[Entries supplied — start]

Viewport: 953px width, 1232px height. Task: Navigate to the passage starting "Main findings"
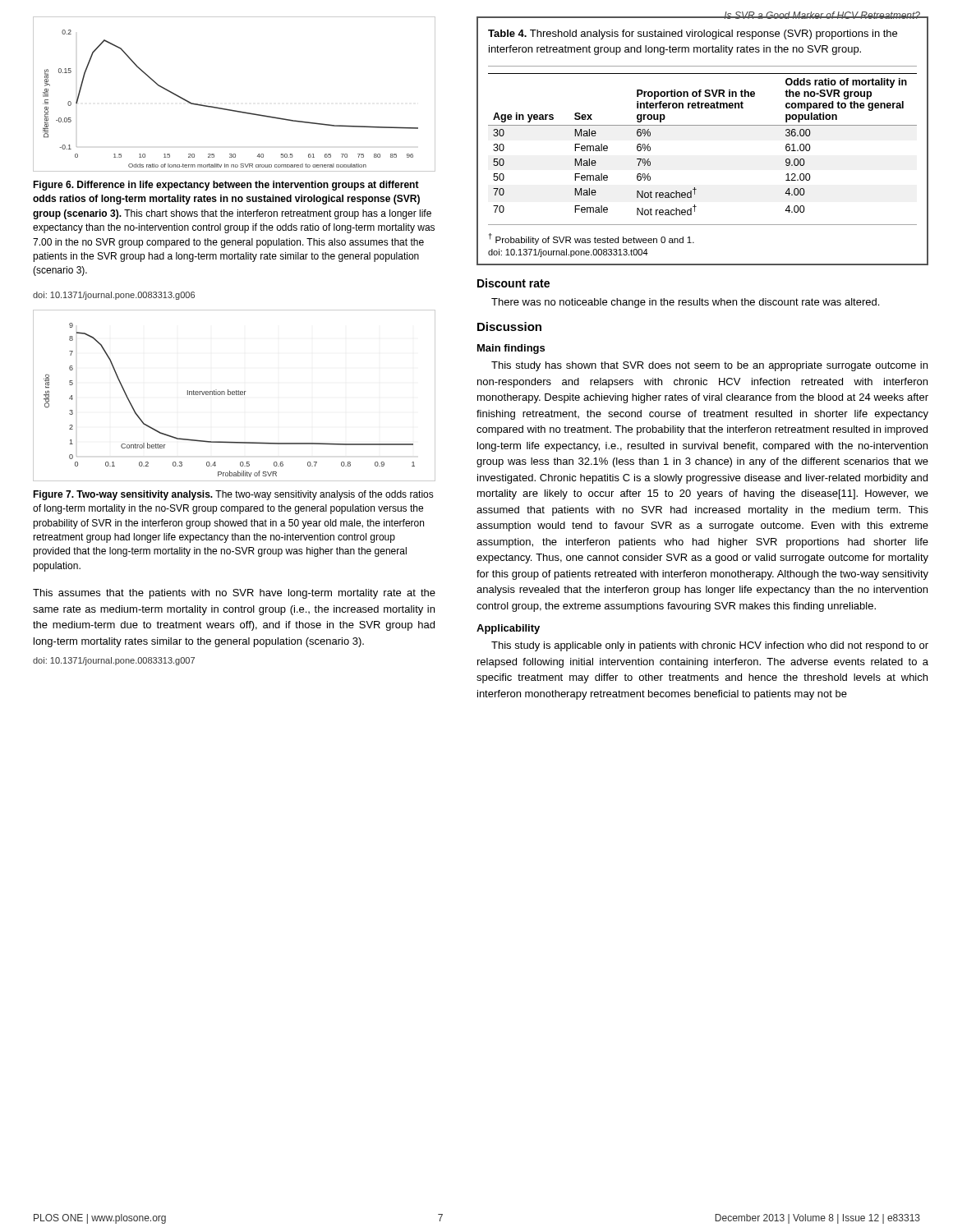click(511, 348)
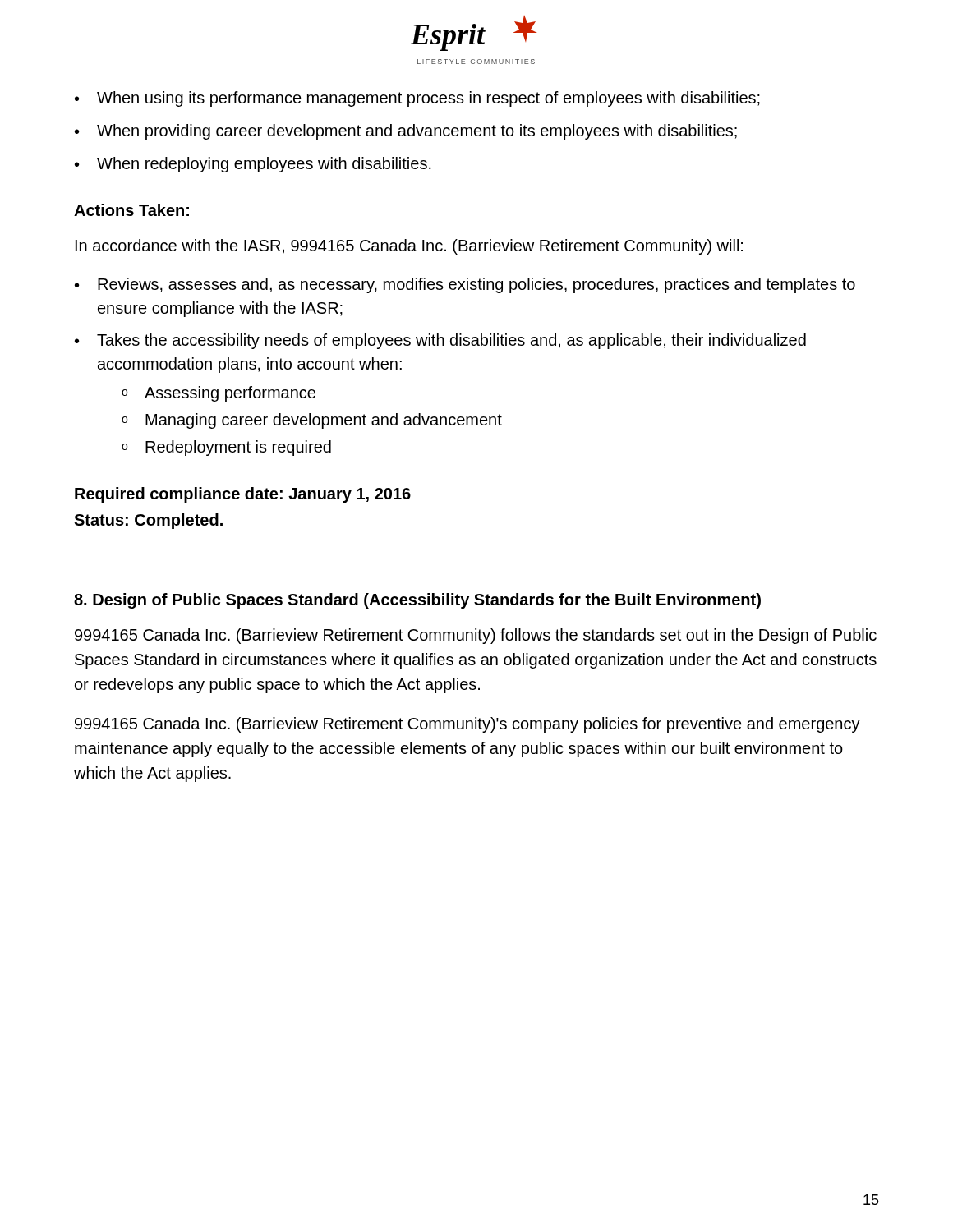The width and height of the screenshot is (953, 1232).
Task: Point to the block starting "• When redeploying employees with disabilities."
Action: coord(253,165)

[Entries supplied — finish]

Task directions: From the first line to the last, write out the data exactly, dropping any pictures.

Solution for this exercise:
Viewport: 953px width, 1232px height. Task: Navigate to the passage starting "Main findings"
click(511, 348)
The width and height of the screenshot is (953, 1232).
Task: Point to the block starting "• When redeploying employees with disabilities."
Action: coord(253,165)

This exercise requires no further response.